On hérite ou on mérite, en France les deux vont de pair !

Désormais avec le concept de société du mérite, la possibilité de réussite professionnelle et d’épanouissement dans la consommation se voit menacer par ceux qui ne souhaitent ou ne peuvent pas s’élever. Tout cela dépendant de l’individu et non plus de la collectivité.
La réussite face à la concurrence, ainsi que les promesses de l’univers de la consommation, seraient l’expression de la volonté de réussite individuelle. De l’autre côté, l’échec révèlerait les déficits personnels, et c’est sur ces déficits qu’on demande à ceux qui sont déjà perdus pour le système de travailler. S’ils ne le font pas bien, on les «aide» volontairement avec les moyens coercitifs de l’Etat social sous la bannière du slogan cynique des « droits et des devoirs». La caractéristique centrale du processus de crise capitaliste, c’est-à-dire le fait qu’une partie de plus en plus grande de la population devient superflue, peut ainsi disparaître derrière la façade de la responsabilité individuelle.
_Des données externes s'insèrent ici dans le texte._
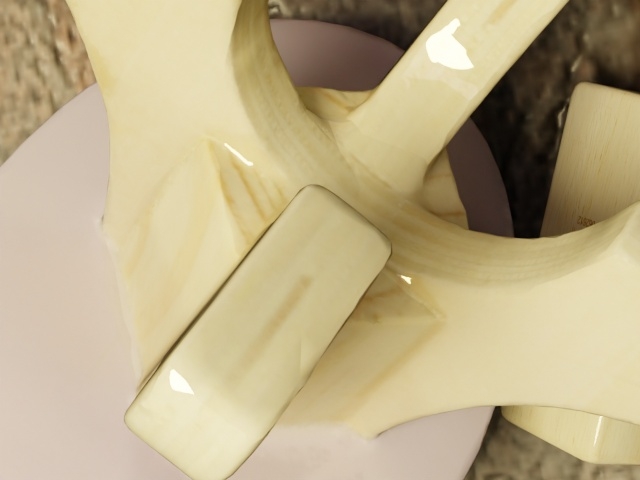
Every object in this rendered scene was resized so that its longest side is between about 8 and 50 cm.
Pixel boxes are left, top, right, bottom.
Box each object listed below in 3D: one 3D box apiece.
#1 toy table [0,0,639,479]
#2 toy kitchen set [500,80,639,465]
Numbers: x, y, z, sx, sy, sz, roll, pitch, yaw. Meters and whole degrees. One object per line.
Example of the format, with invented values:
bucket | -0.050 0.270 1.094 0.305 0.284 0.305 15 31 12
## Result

Le fait que «ça» n’allait plus très bien, qu’il devenait difficile de s’en sortir, que les dettes s’accumulaient, tout cela relevait uniquement de la responsabilité des sujets individualisés. L’évacuation de la logique capitaliste de l’exclusion, à travers la projection sur l’individu, va de pair avec la création d’une société basée sur la volonté de la réussite et du mérite. L’exclusion hors du système du travail et de la valorisation entraîne l’expulsion hors du «collectif du mérite». Si par contre on veut y rester intégré, cela demande une autodiscipline inconditionnelle ainsi qu’une soumission aux impératifs de la concurrence comme viennent d’en faire l’expérience les salariés de chez Cora qui doivent travailler le dimanche.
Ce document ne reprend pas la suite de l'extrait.